Fred Moten is concerned with social movement, aesthetic experiment and black study and has worked on several projects that try to approach these matters. The latest of these are an album called 'Fred Moten/Brandon López/Gerald Cleaver' (Reading Group Records, 2022) and a book called 'All Incomplete' (Minor Compositions, 2021), co-authored with Stefano Harney. In addition to his collaborations with Harney and with López and Cleaver, Moten has worked with many other artists, artist collectives, scholars, and study groups, including Arika, the Center for Convivial Research and Autonomy, Renee Gladman, the Institute for Physical Sociality, the Jazz Study Group, Jennie C. Jones, Le Mardi Gras Listening Collective, William Parker, Moved by the Motion and the Harris Moten Quartet. Moten lives in New York and teaches performance studies and comparative literature at New York University.

Spring 2022: Seth Cameron

Seth Cameron was born in 1982 in South Carolina. A painter and writer, he lives and works in New York City. Cameron received his BFA from The Cooper Union for the Advancement of Science and Art in 2004.

Shortly after graduating from The Cooper Union, Cameron co-created The Bruce High Quality Foundation, an artist collective masquerading as an artist’s foundation, producing unsanctioned public interventions, musical theater performances, zombie films and myriad other nose-thumbing commentaries on the art world. The group has made paintings, sculptures, collages, and videos as well as gallery and museum exhibitions and democratic curatorial projects exhibited at The Whitney Biennial (2010), the Lever House (2012), The Lyon Biennale (2013), and at The Brooklyn Museum of Art (2013).
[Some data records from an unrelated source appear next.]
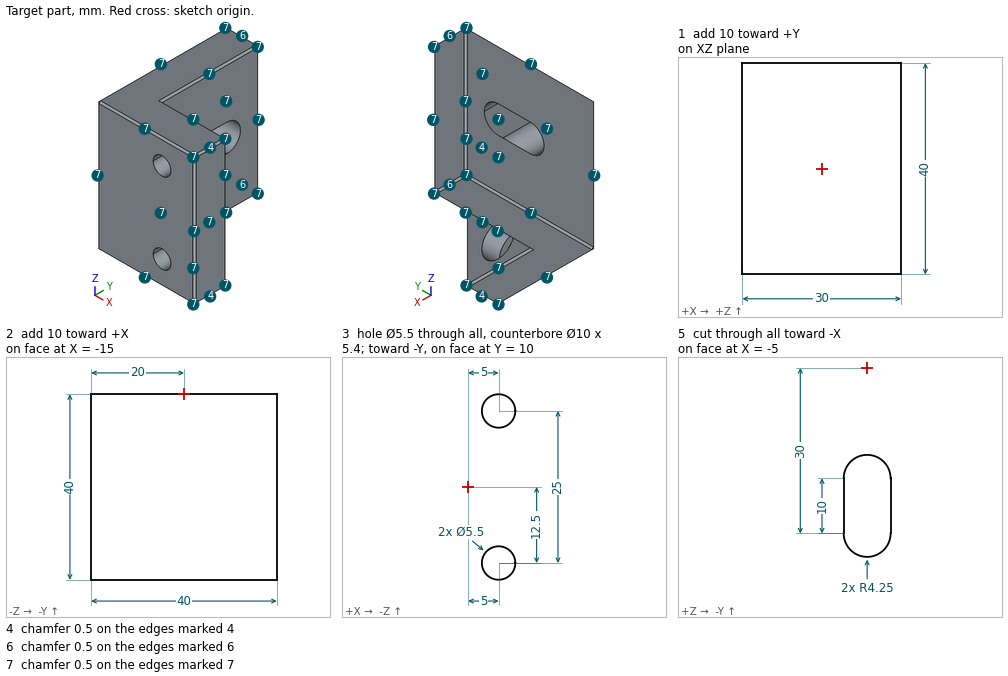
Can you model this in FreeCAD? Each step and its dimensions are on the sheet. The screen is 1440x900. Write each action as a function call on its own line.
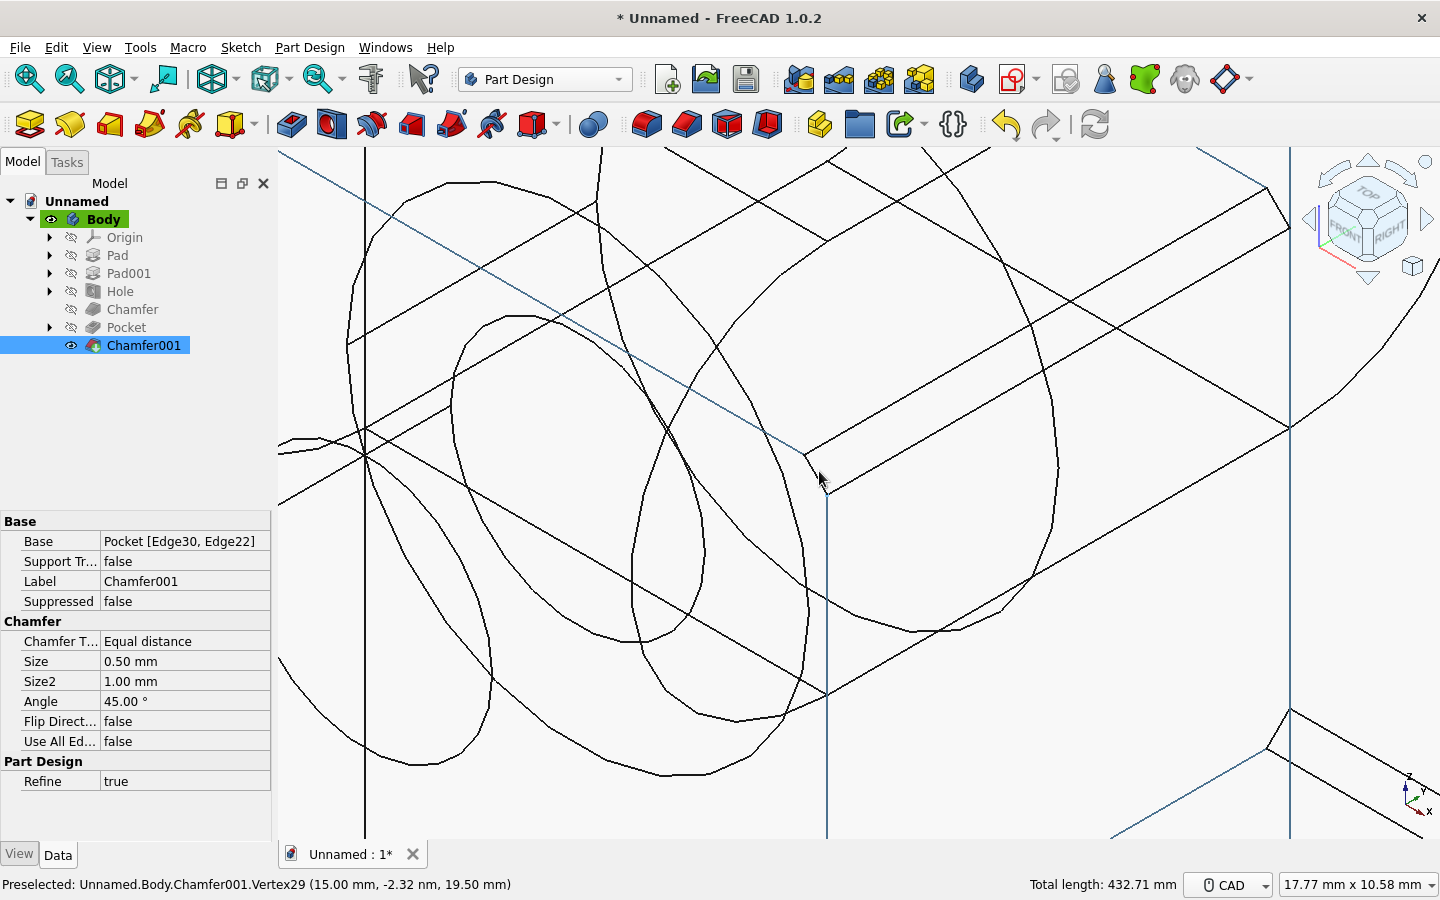
click(816, 474, ctrl)
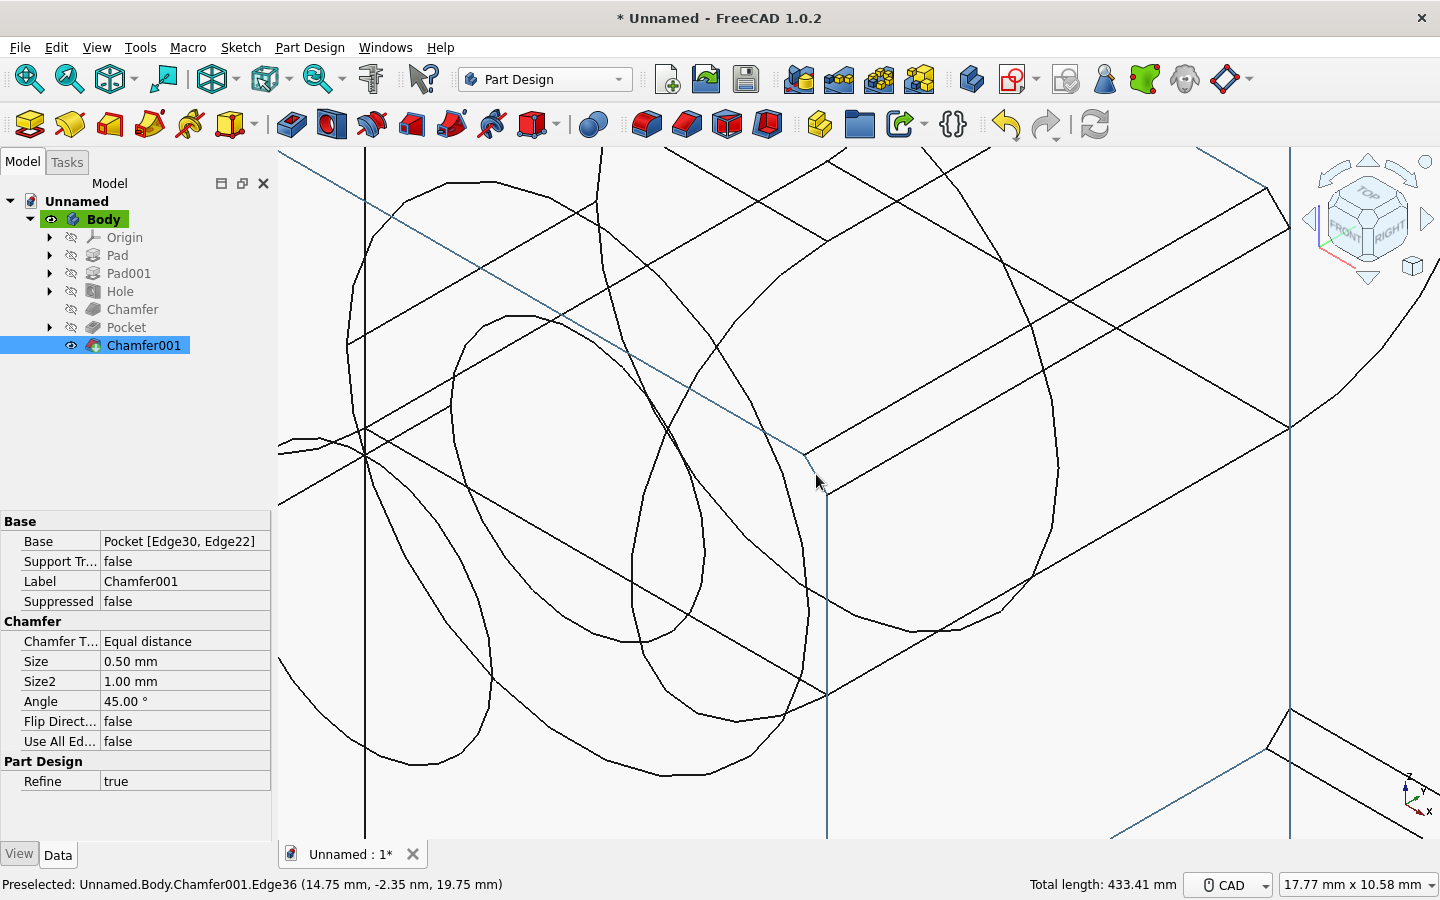
click(1274, 199, ctrl)
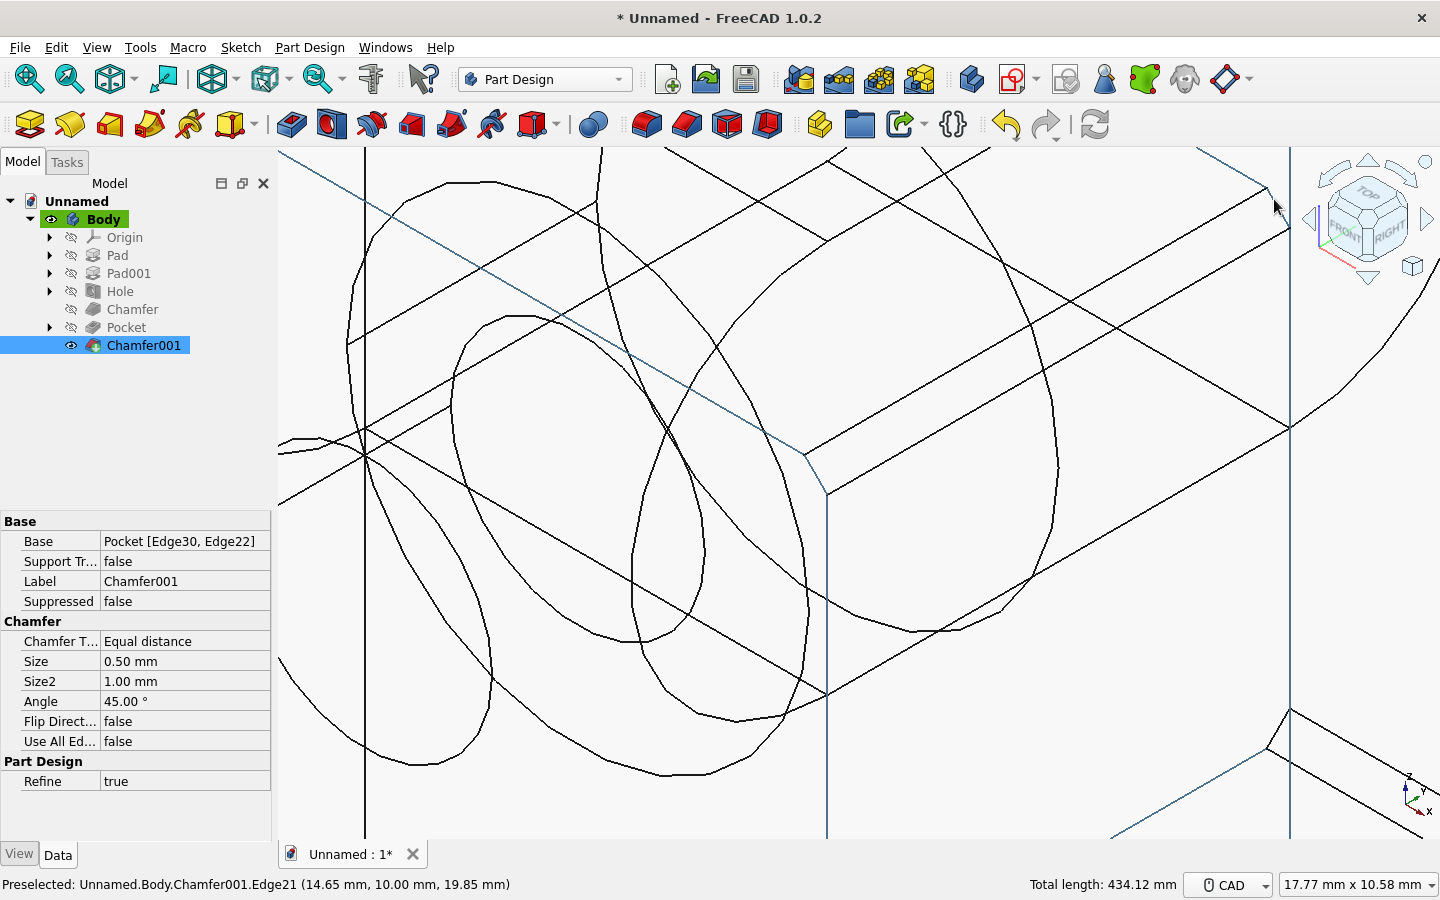
click(1278, 728, ctrl)
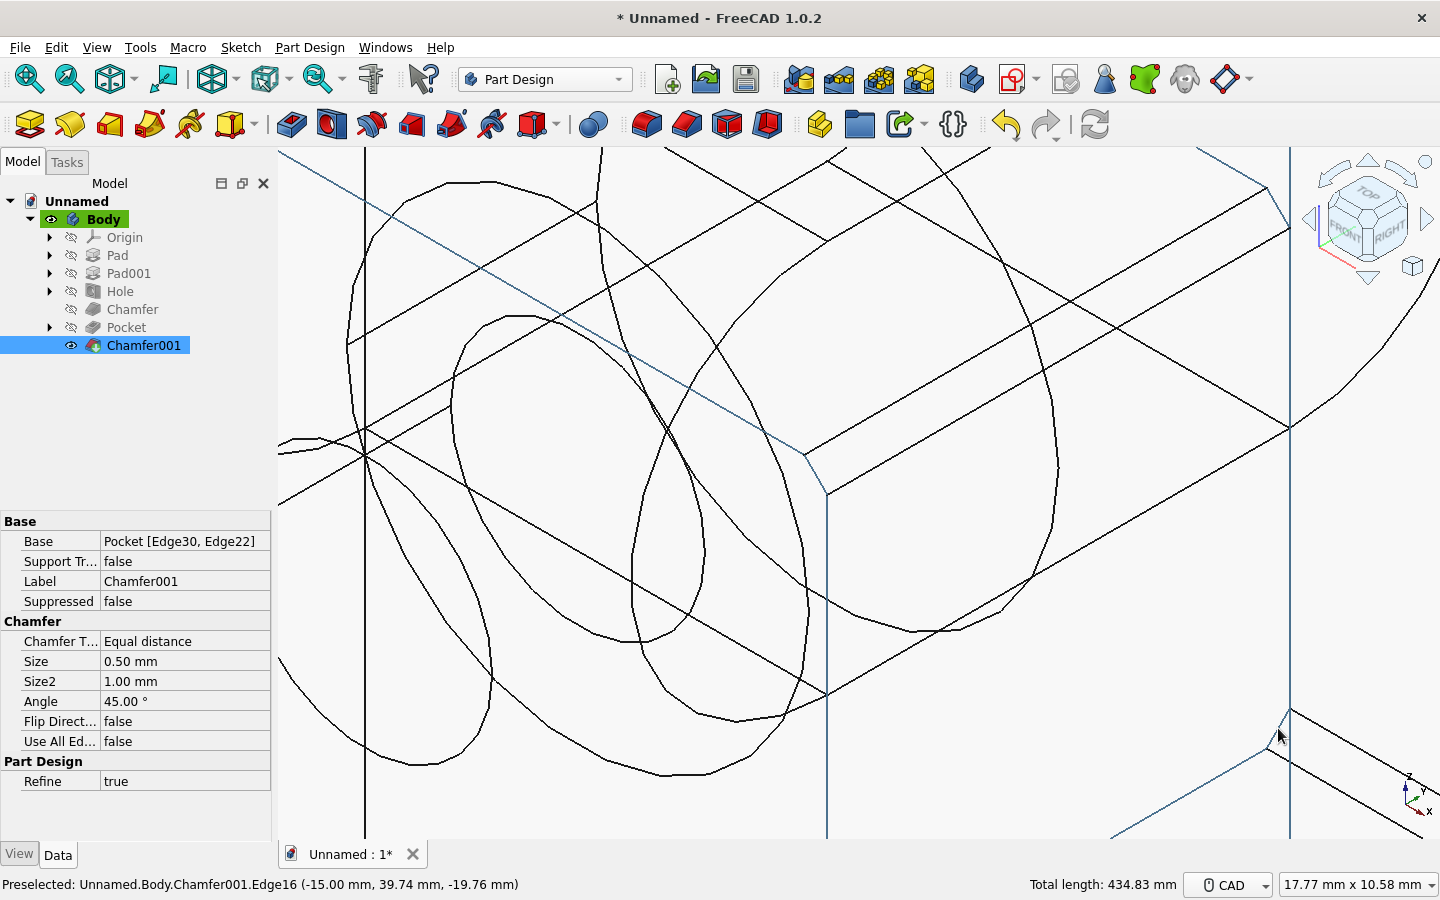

In 2009 the collective formed a tuition-free experimental art school, with Cameron serving as President until its closing in 2017. An Adjunct Professor at Cooper Union since 2007, Cameron’s teaching in these institutions has included courses in Creative Writing, Art History, Sculpture, Drawing and Intradisciplinary Studies. He has lectured across the country on the future of arts education, initiated with Teach 4 Amerika (2011) supported by Creative Time. In February 2020 Cameron was named Executive Director of Children’s Museum of the Arts, based in Soho, where he is reimagining the thirty-three year old institution as an international platform for progressive arts education across all ages.

Since 2016, Cameron has been exhibiting paintings under his own name and is represented by Nathalie Karg Gallery in New York, McClain Gallery in Houston and Nina Johnson Gallery in Miami. Recent exhibitions have put forward color, landscape and storytelling to deconstruct the Sublime.

His writing and interviews with artists have been published by The Paris Review, Flaunt, The Brooklyn Rail, The Miami Rail, VWVWW and David Zwirner Books. In 2019, he was an artist-in-residence with the Josef and Anni Albers Foundation in West Cork, Ireland.

Fall 2021: Paul Chaat Smith

Paul Chaat Smith is a Comanche author, essayist, and curator, whose work over the last 30 years has explored the contemporary landscape of American Indian art and politics. His recent lecture at the Walker Art Center, "The Most American Thing Ever Is in Fact American Indians”, weaves an argument both subtle and radical as Smith upturns conventions and gives voice to unspoken contradictions within the accepted political positions of his native community. His trademark is dry wit embedded within a complex truth.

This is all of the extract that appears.